[[ Exercise material, beginning ]]

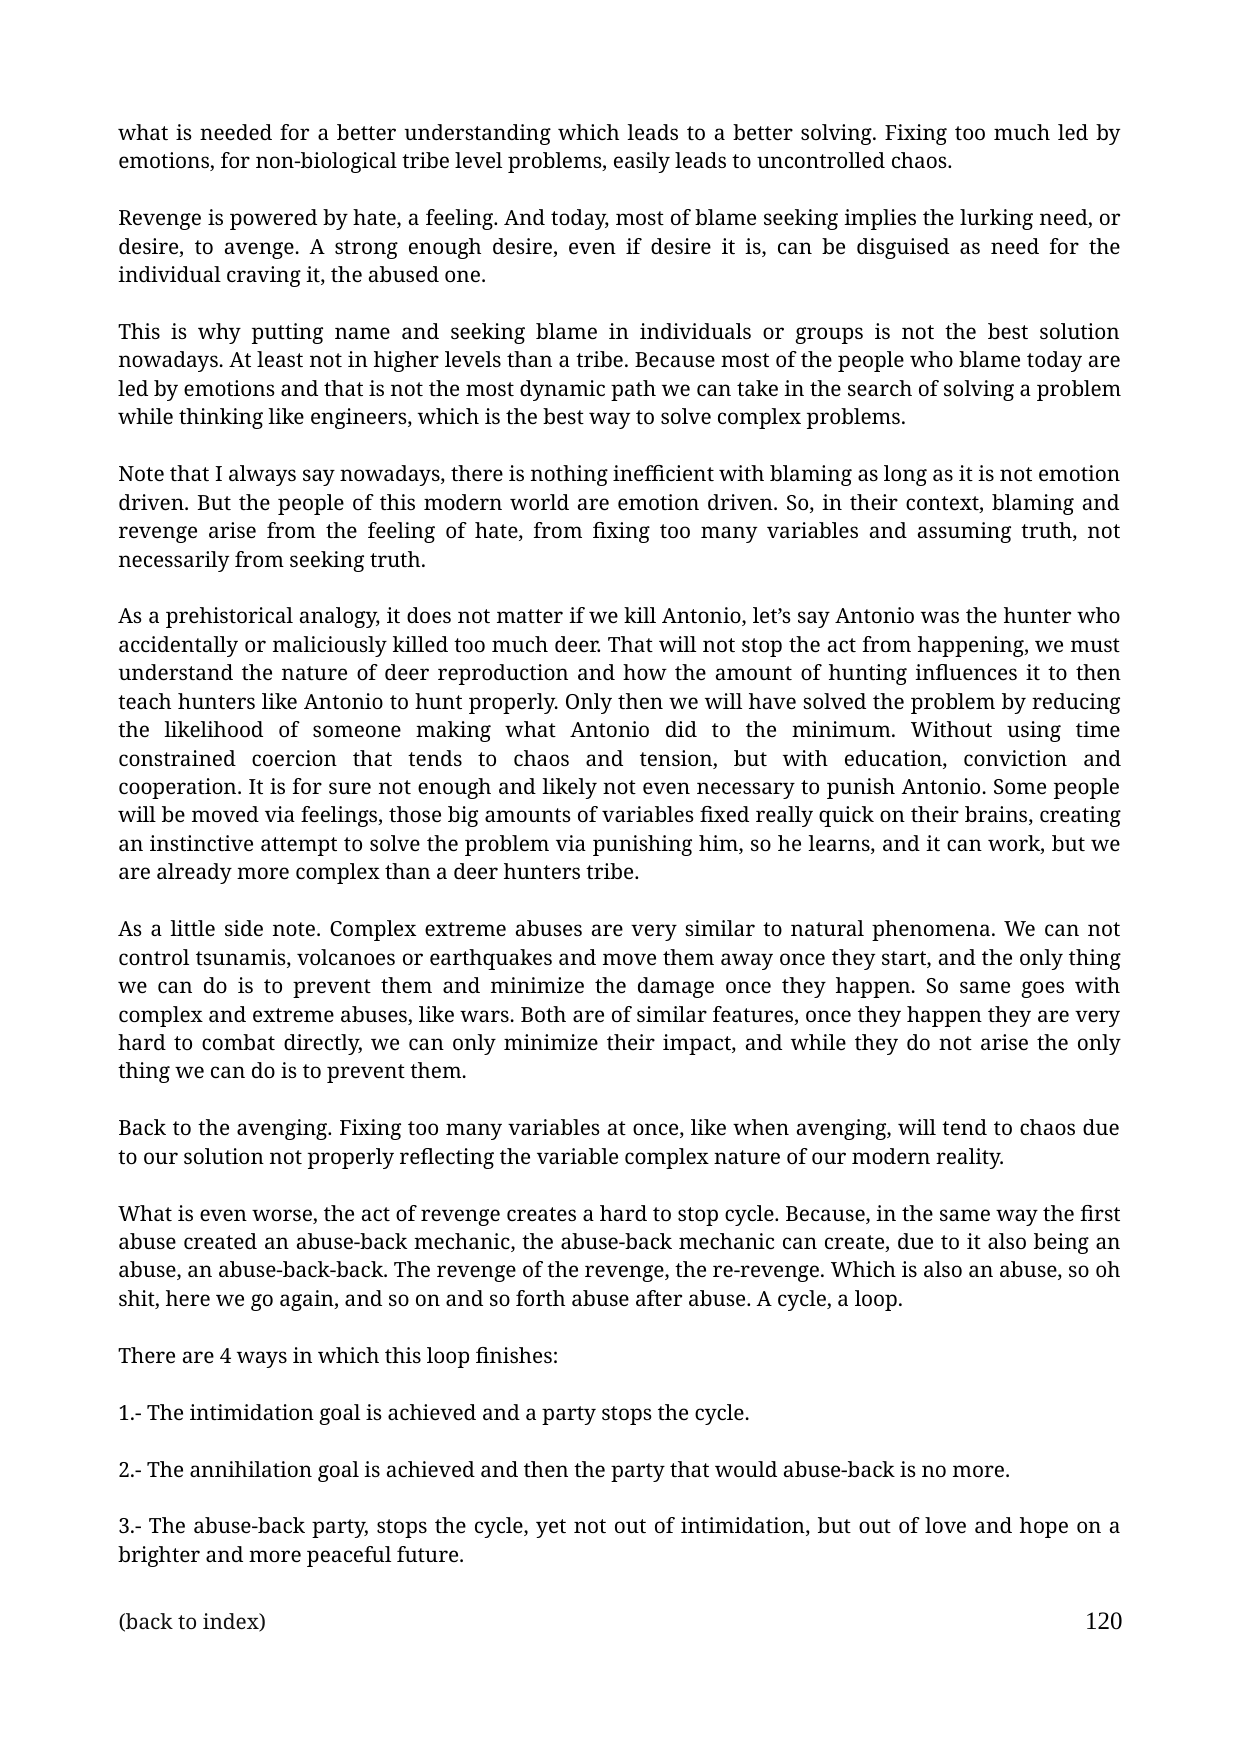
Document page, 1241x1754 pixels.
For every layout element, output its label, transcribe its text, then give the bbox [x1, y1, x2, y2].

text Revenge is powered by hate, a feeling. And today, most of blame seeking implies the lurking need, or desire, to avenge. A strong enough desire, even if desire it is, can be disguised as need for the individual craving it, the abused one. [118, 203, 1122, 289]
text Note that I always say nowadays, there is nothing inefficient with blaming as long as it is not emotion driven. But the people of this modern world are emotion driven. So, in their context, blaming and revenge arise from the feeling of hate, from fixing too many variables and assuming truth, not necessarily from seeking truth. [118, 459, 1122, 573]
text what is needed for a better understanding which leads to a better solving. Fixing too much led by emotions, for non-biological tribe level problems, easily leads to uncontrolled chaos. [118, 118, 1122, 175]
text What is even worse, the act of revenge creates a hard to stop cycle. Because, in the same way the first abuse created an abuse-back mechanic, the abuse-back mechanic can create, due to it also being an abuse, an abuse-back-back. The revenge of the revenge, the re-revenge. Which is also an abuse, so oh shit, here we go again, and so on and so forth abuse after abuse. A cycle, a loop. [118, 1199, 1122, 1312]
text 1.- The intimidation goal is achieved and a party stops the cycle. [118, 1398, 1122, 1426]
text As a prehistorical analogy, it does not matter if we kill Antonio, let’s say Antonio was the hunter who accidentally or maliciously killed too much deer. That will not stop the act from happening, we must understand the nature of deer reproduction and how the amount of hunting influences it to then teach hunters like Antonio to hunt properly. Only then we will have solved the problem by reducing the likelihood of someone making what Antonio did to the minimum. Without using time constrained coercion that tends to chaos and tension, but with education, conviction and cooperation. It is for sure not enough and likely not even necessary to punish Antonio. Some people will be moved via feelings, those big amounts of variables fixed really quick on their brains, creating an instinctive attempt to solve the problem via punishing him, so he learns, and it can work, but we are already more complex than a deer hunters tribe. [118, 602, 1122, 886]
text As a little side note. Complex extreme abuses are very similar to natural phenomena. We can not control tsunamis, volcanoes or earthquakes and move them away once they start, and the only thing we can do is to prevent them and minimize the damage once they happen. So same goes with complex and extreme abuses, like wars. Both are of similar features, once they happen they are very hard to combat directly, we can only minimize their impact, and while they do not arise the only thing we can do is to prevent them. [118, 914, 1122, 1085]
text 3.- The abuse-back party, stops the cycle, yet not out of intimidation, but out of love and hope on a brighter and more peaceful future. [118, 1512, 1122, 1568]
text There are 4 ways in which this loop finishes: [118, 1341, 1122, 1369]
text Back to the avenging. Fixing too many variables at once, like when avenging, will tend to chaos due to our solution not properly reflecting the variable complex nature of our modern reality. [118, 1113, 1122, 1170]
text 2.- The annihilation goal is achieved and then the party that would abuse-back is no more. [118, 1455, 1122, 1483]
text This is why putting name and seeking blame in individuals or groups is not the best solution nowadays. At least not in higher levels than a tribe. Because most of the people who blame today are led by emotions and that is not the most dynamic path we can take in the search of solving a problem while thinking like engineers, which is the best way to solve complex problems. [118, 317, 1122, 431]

[[ Exercise material, end ]]
[[ Exercise material, beginning ]]

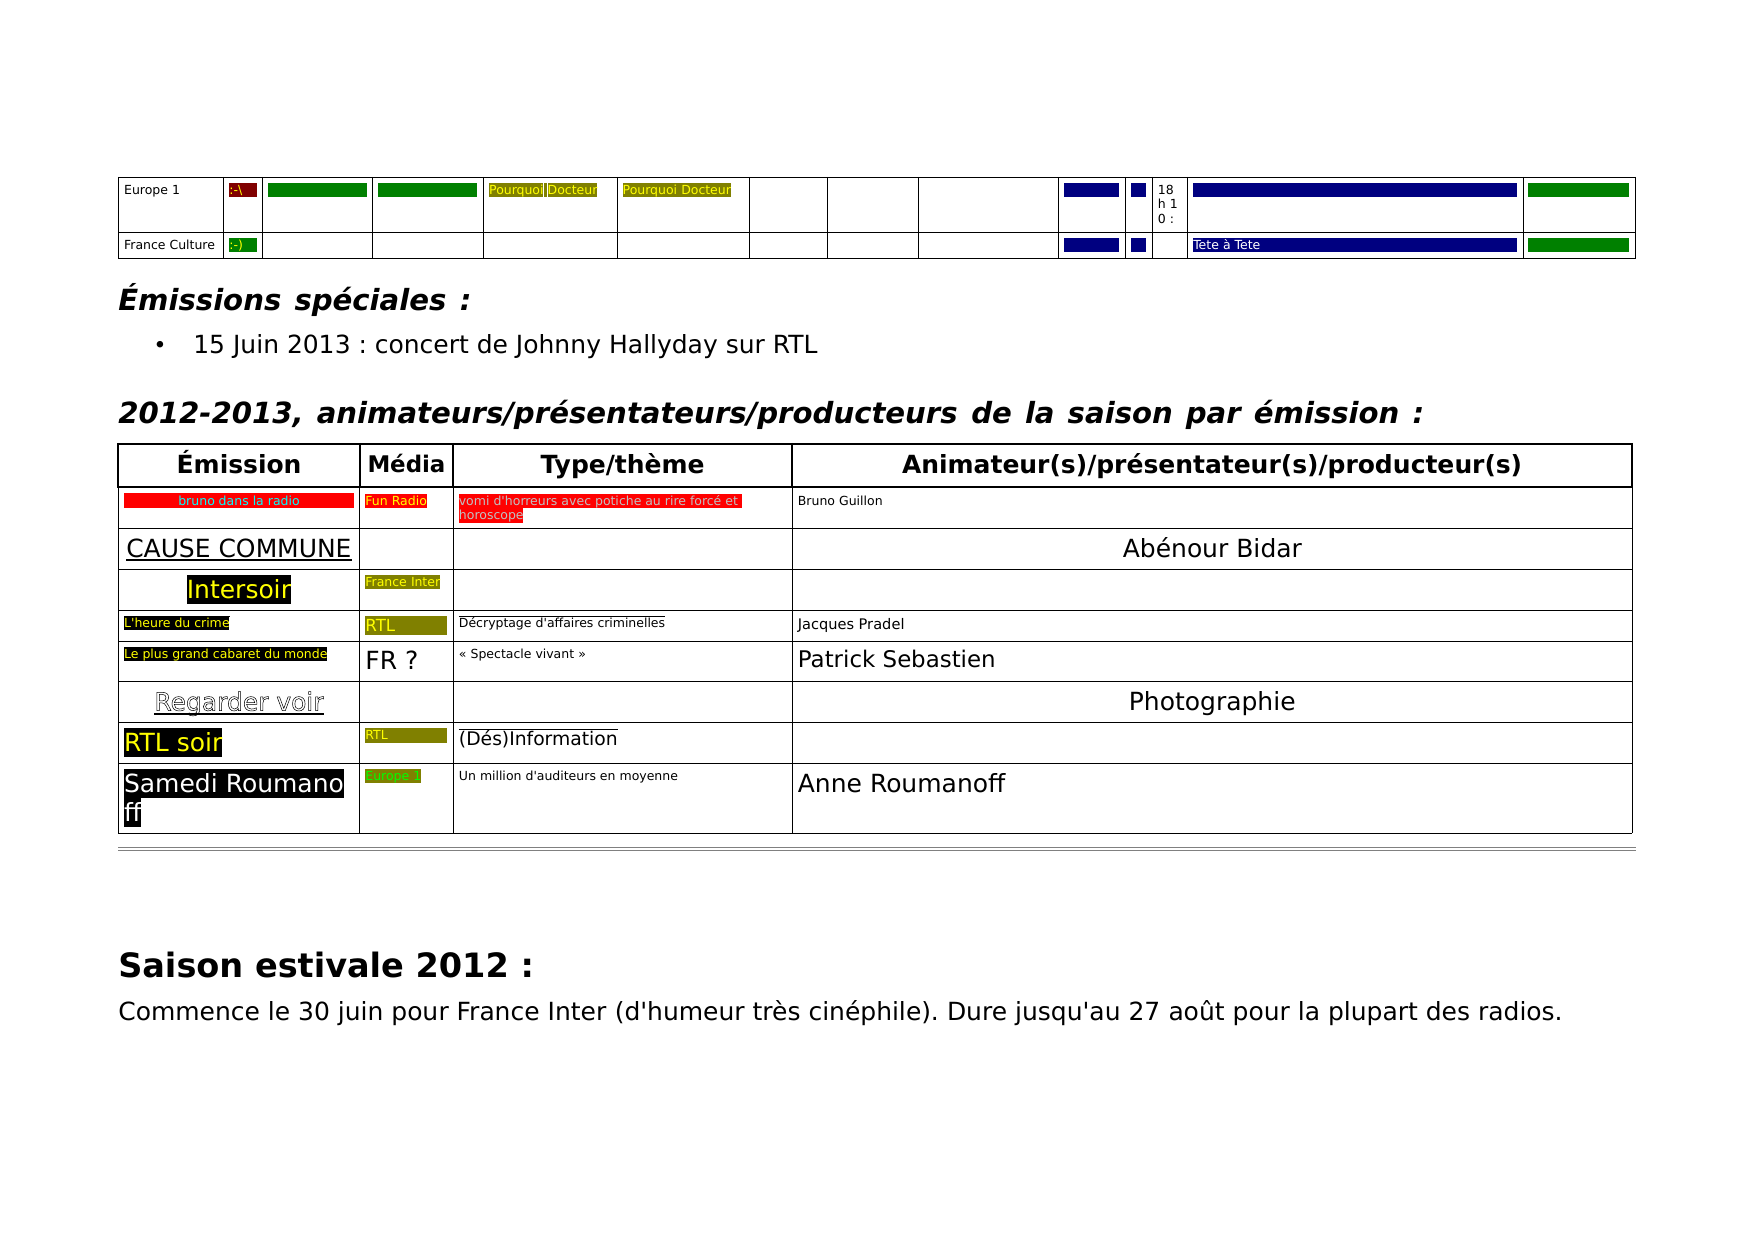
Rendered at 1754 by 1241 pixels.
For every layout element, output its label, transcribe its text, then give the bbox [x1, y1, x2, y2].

[[ Exercise material, end ]]

▸ What you have to do:
Lines that contain "pixels" are the result; find them in the entries above and copy each one.

▸ Result of this exercise:
Document page, 1241x1754 pixels.
Rendered at 1754 by 1241 pixels.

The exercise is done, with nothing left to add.